[Start of section]

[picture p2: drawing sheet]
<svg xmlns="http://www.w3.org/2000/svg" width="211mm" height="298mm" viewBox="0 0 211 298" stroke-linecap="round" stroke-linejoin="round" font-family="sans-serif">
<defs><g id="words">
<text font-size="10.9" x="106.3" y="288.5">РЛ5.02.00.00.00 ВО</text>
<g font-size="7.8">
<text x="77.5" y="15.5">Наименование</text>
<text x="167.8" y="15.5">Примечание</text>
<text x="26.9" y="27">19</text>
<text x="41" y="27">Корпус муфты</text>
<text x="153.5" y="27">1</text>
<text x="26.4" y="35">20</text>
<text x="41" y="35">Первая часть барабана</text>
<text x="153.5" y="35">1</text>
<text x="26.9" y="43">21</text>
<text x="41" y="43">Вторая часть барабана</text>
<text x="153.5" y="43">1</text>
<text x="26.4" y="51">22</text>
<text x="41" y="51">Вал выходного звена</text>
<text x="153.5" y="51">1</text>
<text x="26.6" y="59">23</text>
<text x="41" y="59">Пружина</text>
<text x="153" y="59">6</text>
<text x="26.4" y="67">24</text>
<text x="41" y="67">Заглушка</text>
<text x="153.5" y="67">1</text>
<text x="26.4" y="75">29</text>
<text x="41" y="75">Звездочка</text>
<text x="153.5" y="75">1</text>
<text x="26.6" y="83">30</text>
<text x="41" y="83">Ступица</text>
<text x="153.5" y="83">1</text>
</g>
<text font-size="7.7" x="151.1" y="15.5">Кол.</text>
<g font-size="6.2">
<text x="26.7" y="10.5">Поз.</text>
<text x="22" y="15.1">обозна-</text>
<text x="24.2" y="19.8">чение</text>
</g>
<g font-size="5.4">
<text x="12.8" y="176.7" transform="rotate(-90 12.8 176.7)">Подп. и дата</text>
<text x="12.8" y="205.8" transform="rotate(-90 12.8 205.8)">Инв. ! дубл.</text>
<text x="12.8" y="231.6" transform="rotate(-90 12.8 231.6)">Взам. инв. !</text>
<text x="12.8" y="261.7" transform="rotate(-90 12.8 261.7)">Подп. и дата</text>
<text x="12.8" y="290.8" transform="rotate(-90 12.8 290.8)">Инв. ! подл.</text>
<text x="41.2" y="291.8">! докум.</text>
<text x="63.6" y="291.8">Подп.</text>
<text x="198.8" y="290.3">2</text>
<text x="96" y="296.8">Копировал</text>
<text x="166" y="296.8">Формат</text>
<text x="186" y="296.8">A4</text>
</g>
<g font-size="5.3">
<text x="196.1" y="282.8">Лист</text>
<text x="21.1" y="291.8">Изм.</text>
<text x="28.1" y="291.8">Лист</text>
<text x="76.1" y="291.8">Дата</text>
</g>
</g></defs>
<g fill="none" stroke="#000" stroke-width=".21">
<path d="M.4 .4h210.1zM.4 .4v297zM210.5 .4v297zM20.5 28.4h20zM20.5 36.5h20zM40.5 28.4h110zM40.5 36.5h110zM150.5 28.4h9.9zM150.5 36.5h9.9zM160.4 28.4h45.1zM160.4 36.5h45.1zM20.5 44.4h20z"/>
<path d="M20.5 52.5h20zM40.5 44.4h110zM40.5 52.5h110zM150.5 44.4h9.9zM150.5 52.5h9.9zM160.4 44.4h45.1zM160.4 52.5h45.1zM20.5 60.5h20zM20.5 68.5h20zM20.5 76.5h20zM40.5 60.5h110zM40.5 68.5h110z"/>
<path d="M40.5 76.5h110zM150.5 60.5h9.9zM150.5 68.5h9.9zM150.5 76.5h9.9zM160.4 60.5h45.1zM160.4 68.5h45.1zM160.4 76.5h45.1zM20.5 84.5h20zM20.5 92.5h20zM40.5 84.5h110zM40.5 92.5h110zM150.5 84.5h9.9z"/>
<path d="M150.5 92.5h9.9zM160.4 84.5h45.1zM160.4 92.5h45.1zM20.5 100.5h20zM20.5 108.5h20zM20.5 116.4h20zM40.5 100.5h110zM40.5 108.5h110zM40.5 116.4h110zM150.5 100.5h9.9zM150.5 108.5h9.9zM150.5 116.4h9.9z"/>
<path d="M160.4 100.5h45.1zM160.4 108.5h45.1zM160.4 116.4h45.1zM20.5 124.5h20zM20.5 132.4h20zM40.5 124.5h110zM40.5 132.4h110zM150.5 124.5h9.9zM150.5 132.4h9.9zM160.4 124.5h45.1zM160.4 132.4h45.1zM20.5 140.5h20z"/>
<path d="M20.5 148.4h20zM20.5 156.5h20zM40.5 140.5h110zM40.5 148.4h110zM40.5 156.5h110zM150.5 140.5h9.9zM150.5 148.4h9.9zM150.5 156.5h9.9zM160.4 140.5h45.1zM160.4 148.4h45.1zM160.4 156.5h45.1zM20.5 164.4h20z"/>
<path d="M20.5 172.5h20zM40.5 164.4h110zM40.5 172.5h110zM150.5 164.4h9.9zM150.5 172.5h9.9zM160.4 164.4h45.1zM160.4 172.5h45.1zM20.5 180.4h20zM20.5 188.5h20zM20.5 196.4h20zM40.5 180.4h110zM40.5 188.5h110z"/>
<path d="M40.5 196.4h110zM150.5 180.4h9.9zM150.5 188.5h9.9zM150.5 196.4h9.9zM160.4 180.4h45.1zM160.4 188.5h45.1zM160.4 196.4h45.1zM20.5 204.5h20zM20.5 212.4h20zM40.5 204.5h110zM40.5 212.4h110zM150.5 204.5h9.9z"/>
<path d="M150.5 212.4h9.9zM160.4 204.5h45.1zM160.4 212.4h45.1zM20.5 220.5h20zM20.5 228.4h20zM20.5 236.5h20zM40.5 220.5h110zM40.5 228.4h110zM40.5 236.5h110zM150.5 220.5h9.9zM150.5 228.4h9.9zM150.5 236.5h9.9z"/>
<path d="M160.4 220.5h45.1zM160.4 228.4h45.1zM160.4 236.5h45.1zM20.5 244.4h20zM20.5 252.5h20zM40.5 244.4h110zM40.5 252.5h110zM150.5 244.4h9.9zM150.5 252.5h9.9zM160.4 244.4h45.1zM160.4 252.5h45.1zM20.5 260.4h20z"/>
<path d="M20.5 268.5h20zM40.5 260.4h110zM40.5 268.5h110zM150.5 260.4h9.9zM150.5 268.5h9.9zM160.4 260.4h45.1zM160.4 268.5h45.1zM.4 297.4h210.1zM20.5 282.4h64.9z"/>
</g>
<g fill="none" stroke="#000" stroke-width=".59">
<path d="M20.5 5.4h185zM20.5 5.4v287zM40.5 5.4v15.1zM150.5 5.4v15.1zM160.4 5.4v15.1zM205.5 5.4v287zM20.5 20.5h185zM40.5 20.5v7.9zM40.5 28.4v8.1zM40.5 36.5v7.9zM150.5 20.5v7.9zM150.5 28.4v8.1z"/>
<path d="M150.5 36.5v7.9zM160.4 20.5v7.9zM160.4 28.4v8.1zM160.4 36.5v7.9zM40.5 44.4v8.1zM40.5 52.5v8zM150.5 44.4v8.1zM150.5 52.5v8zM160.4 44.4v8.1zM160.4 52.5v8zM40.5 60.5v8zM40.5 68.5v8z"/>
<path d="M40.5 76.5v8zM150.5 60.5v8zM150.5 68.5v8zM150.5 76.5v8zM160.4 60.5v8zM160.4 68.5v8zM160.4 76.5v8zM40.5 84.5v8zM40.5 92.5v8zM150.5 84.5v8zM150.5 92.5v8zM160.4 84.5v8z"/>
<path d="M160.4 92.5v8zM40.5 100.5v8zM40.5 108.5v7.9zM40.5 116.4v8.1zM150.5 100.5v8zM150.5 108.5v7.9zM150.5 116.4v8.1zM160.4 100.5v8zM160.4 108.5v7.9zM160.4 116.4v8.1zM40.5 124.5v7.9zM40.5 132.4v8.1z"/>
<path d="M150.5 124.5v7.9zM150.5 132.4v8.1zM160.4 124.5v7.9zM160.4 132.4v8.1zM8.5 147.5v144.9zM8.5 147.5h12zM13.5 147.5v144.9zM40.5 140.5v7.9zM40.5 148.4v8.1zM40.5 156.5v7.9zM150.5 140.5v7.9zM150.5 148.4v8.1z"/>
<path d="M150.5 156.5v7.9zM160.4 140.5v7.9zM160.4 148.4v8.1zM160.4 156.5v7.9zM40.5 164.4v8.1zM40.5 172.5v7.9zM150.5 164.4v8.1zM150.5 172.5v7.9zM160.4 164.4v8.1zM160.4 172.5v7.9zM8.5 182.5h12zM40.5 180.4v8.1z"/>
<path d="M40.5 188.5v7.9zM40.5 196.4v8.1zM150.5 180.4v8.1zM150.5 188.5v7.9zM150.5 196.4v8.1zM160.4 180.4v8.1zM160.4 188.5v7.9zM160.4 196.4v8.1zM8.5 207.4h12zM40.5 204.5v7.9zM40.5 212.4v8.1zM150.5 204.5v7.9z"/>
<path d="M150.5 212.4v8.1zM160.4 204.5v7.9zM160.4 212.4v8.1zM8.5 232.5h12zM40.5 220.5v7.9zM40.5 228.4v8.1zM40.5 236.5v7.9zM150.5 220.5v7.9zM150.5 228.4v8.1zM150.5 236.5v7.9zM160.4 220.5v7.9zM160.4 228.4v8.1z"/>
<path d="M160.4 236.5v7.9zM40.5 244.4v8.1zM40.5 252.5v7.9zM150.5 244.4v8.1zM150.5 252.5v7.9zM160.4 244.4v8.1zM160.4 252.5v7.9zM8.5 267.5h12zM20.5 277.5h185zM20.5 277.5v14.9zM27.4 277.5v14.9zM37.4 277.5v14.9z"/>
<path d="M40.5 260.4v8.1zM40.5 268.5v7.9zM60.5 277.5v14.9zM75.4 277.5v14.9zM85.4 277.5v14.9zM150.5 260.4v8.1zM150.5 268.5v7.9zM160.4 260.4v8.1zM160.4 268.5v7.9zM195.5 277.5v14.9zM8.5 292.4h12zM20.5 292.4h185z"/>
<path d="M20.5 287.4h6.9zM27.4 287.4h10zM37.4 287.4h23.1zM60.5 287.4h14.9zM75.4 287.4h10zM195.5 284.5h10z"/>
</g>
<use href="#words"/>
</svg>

[End of section]

Taking the lines above, repeat exactly those from the line that contains "36.5v7.9zM160.4 20.5v7.9zM160.4 28.4v8.1zM160.4" through the line that contains "92.5v8zM40.5 100.5v8zM40.5 108.5v7.9zM40.5", and both of those lines as well. Include nothing else.

* Exercise solution:
<path d="M150.5 36.5v7.9zM160.4 20.5v7.9zM160.4 28.4v8.1zM160.4 36.5v7.9zM40.5 44.4v8.1zM40.5 52.5v8zM150.5 44.4v8.1zM150.5 52.5v8zM160.4 44.4v8.1zM160.4 52.5v8zM40.5 60.5v8zM40.5 68.5v8z"/>
<path d="M40.5 76.5v8zM150.5 60.5v8zM150.5 68.5v8zM150.5 76.5v8zM160.4 60.5v8zM160.4 68.5v8zM160.4 76.5v8zM40.5 84.5v8zM40.5 92.5v8zM150.5 84.5v8zM150.5 92.5v8zM160.4 84.5v8z"/>
<path d="M160.4 92.5v8zM40.5 100.5v8zM40.5 108.5v7.9zM40.5 116.4v8.1zM150.5 100.5v8zM150.5 108.5v7.9zM150.5 116.4v8.1zM160.4 100.5v8zM160.4 108.5v7.9zM160.4 116.4v8.1zM40.5 124.5v7.9zM40.5 132.4v8.1z"/>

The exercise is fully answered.